To get the values of the third "ID" from the Image object, you would do:

::json:select [::json::json2dict $dta] /Image/IDs(2)

However, you will not receive any value for:

::json:select [::json::json2dict $dta] /Image/IDs/116

SRB: 2014-11-14 - what you are describing is not XPath. XPath uses square brackets for predicates, not parentheses. XPath also does not allow globbing of "element" names. At best this is an XPath-like language for navigating an information set.

EF I never intended to implement XPath, therefrom the title and the description. I mentioned above that I was not using square brackets, so as to be able to use them for globbing, which XPath does not have. I am sorry if I have misled the reader.
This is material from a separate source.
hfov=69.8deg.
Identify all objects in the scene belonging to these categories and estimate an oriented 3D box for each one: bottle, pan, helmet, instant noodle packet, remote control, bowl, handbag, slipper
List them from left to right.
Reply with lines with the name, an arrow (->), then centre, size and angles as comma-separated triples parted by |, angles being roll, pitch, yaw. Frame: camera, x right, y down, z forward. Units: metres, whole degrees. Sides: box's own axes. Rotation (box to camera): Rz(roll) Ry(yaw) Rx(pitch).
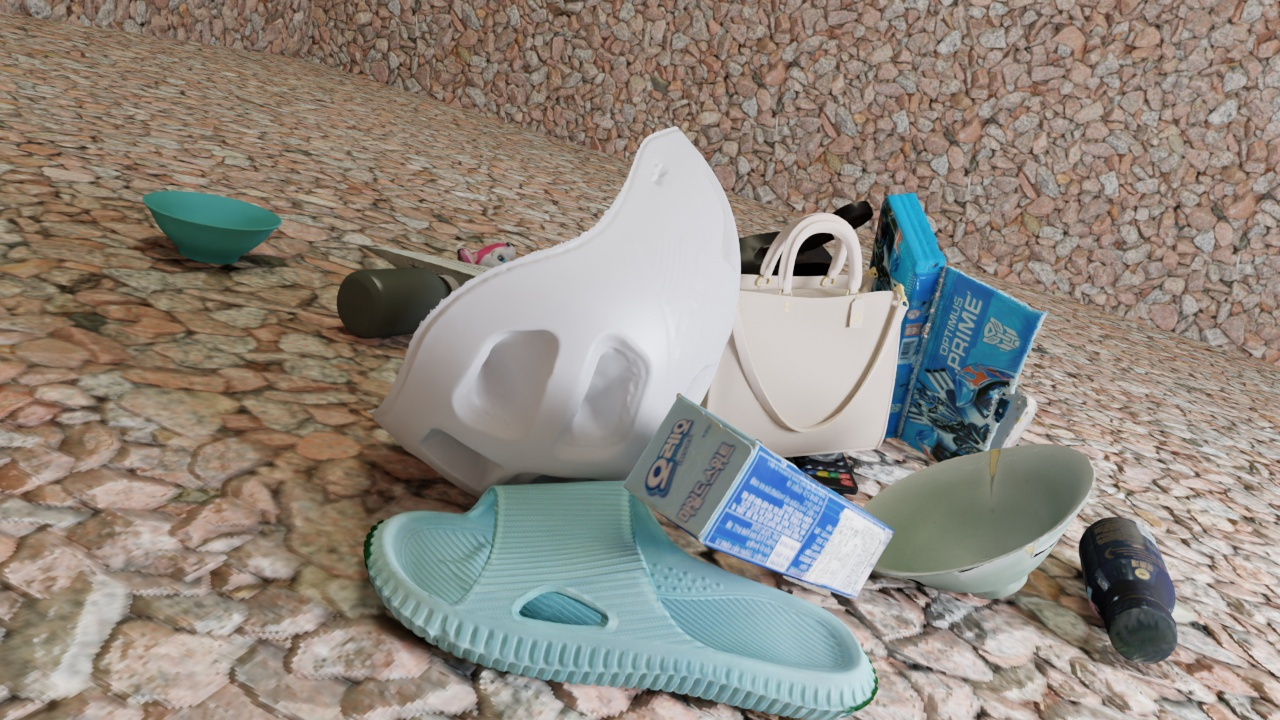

Jochen Loewer 2014-11-20: I extended tDOM to have an embedded JSON parser (dom parse -json ...) and serializer (asJSON), which allow us to make use of the powerful XPATH constructs to operate on JSON data (given certain rules are met to overcome differences in expressiveness between JSON and DOM/XML). If there is interest, I can push the feature to the tDOM repo on github.

EF I think that this would be a wonderful idea! MSH I second that idea if it is still possible !!

EF Otherwise, jq (see http://stedolan.github.io/jq/ ) can be a wonderful toy to perform similar things.


ak - 2015-01-20 21:59:46

Note also treeql for a tree-query&editing language based on struct::tree 's.